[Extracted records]
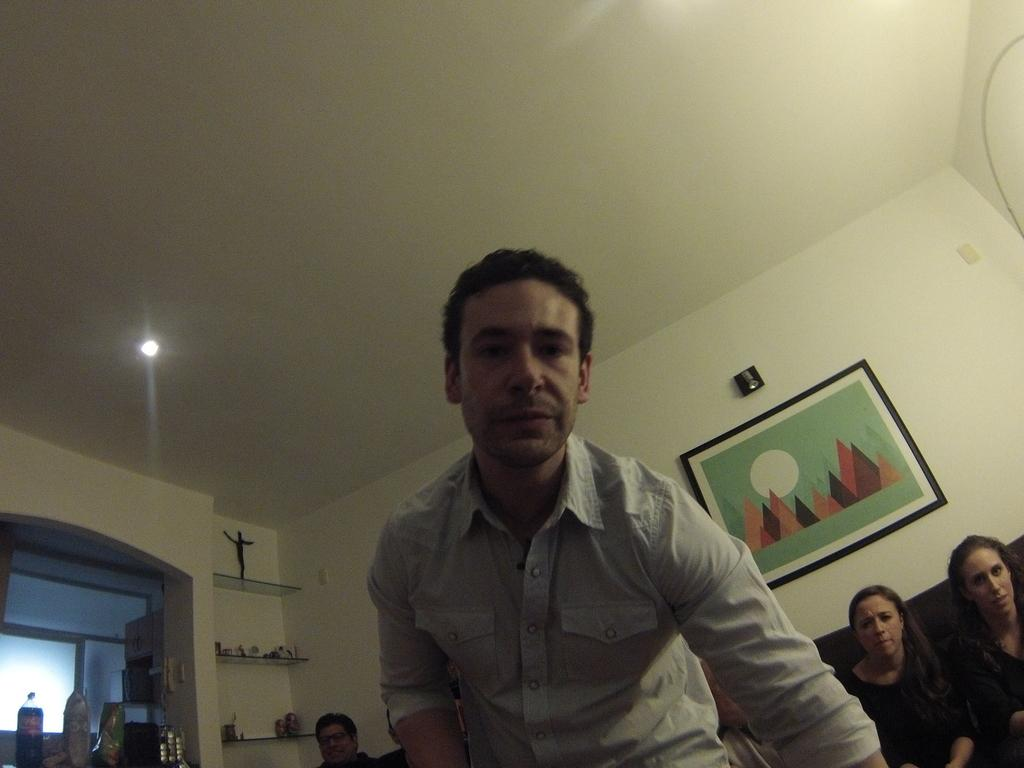What are the people in the image doing? The people in the image are seated. What is the man in the image doing? The man in the image is standing. What can be seen on the wall in the image? There is a photo frame on the wall. What type of lighting is present in the image? There is a roof light in the image. What objects are visible in the image that might contain liquid? There are bottles in the image. What type of objects are present in the image that might be used for play? There are toys in the image. What type of story is being told by the circle in the image? There is no circle present in the image, so no story can be told by it. How many fingers does the man have in the image? The number of fingers the man has cannot be determined from the image alone, as it does not show the man's hands. 
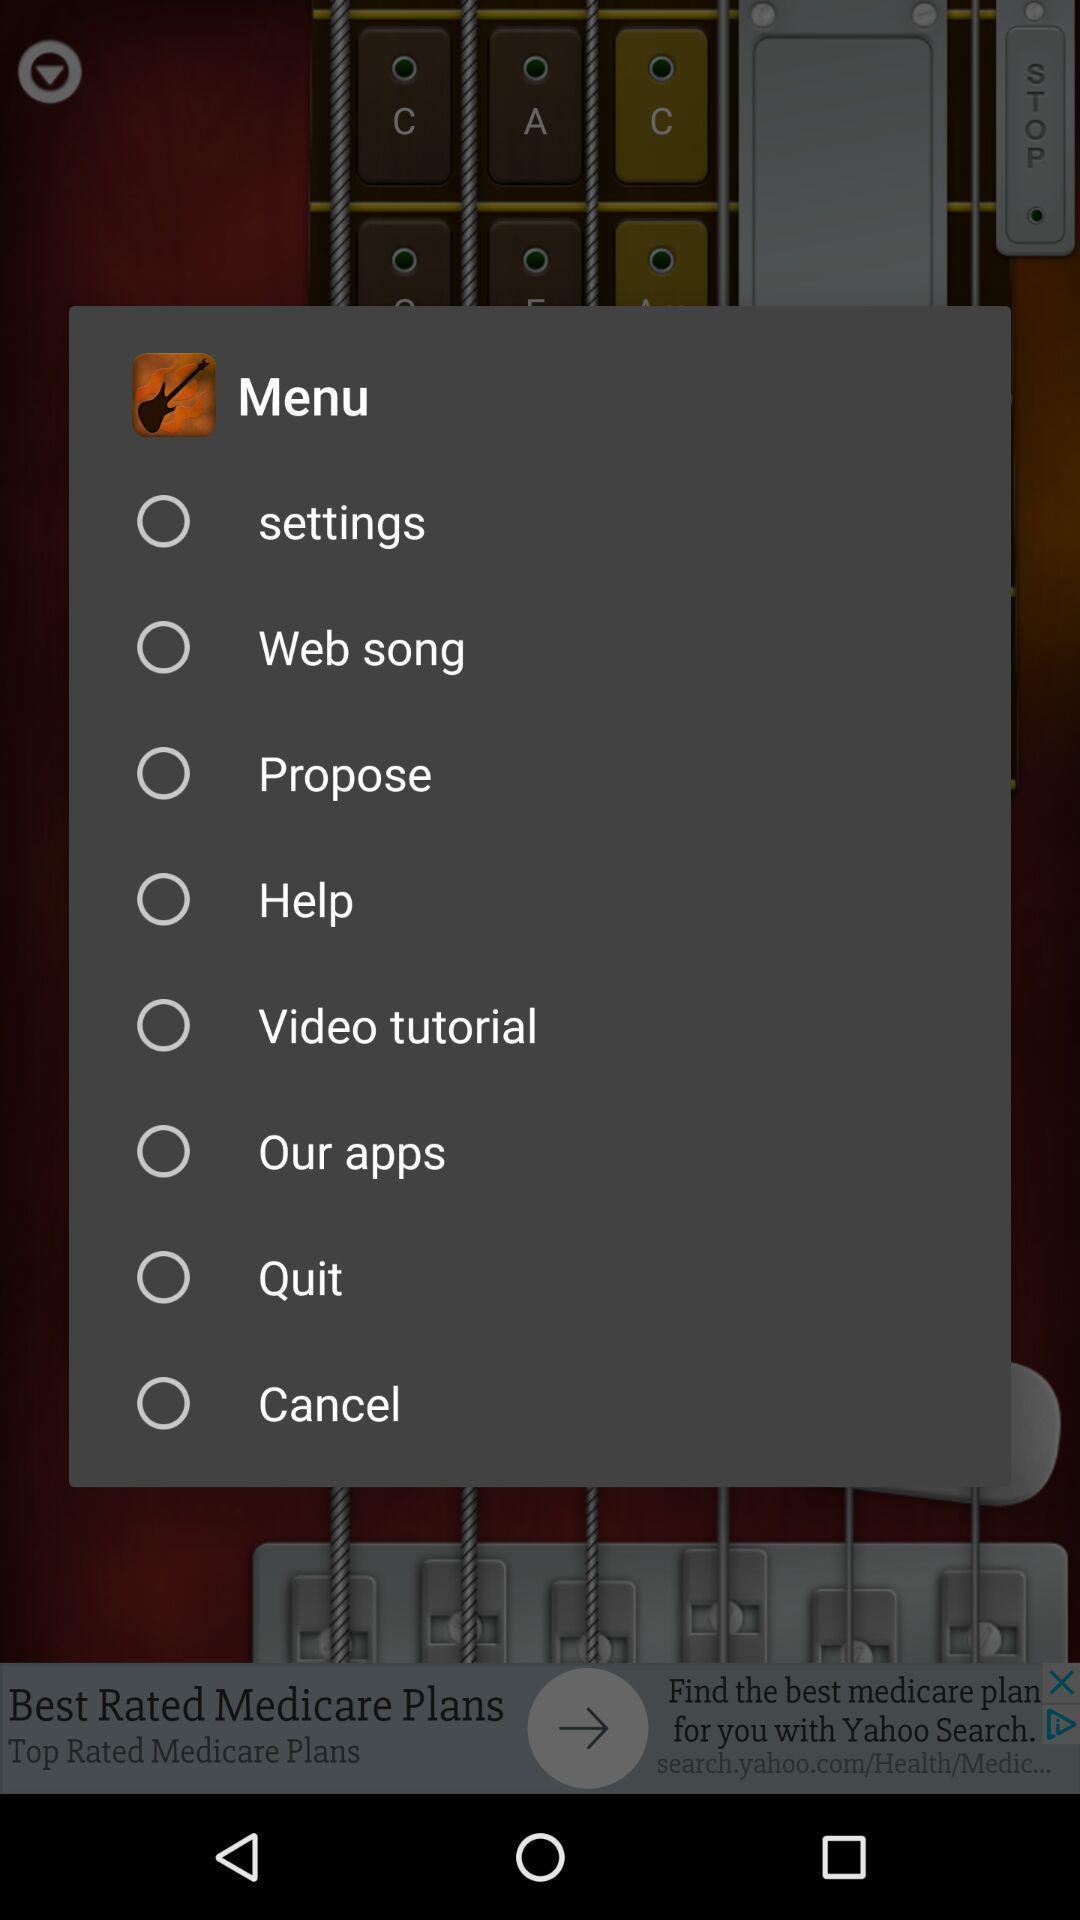Describe this image in words. Screen displaying the menu. 
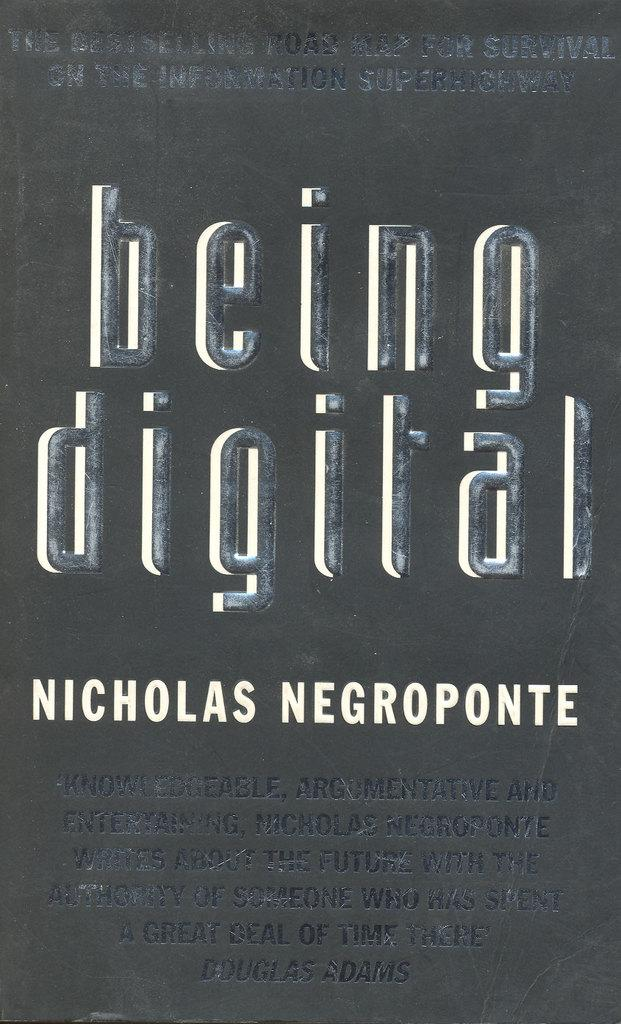<image>
Relay a brief, clear account of the picture shown. The cover of a book by Nicolas Negroponte 
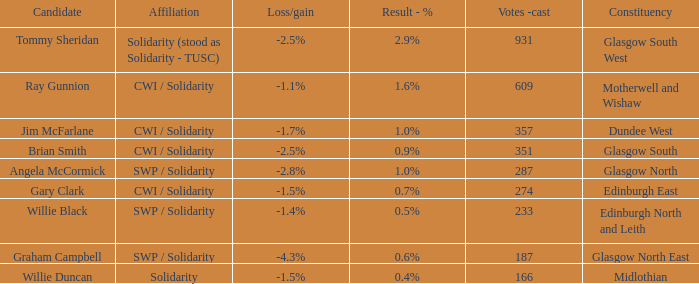How many votes were cast when the constituency was midlothian? 166.0. 
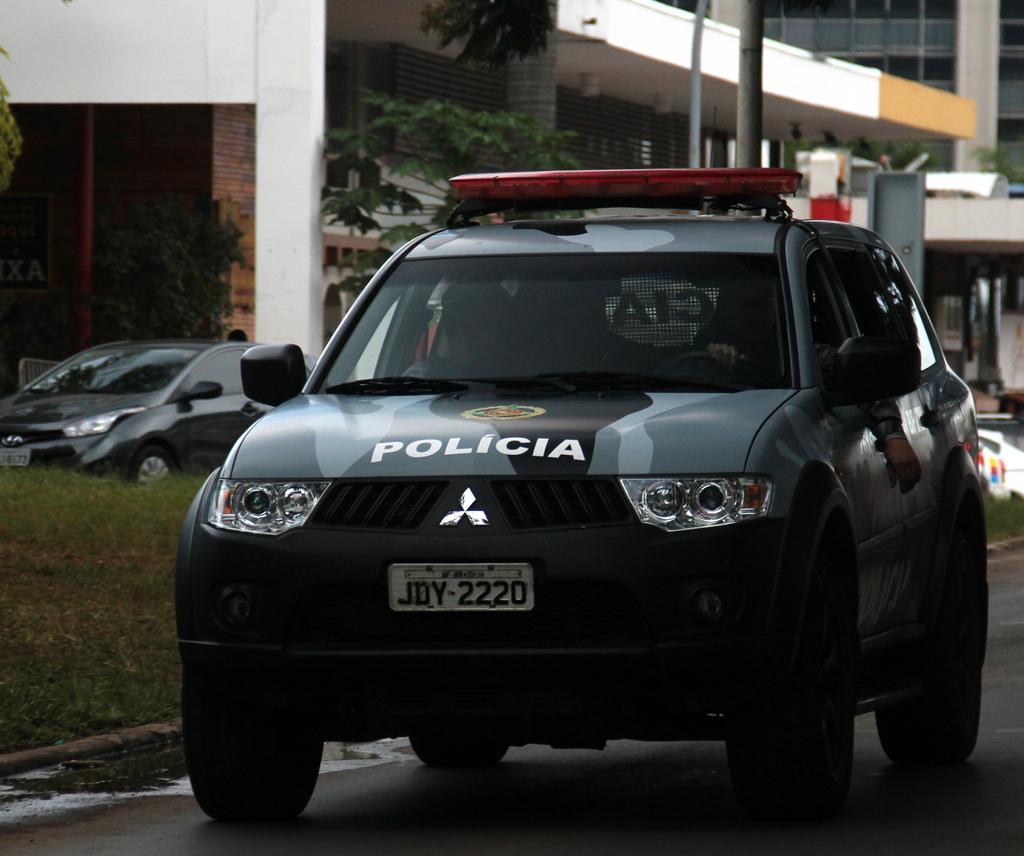How would you summarize this image in a sentence or two? In this image there are so many cars on the road behind them there are some buildings. 
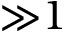<formula> <loc_0><loc_0><loc_500><loc_500>{ \gg } 1</formula> 
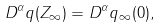<formula> <loc_0><loc_0><loc_500><loc_500>D ^ { \alpha } q ( Z _ { \infty } ) = D ^ { \alpha } q _ { \infty } ( 0 ) ,</formula>

Task to carry out: Copy back exactly the lines above from the one containing "Describe this image" through the one containing "How many votes", and leave every picture behind.

Exercise solution:
Describe this image in words. Screen displaying the menu. 
<image>
Relay a brief, clear account of the picture shown. The cover of a book by Nicolas Negroponte 
How many votes were cast when the constituency was midlothian? 166.0. 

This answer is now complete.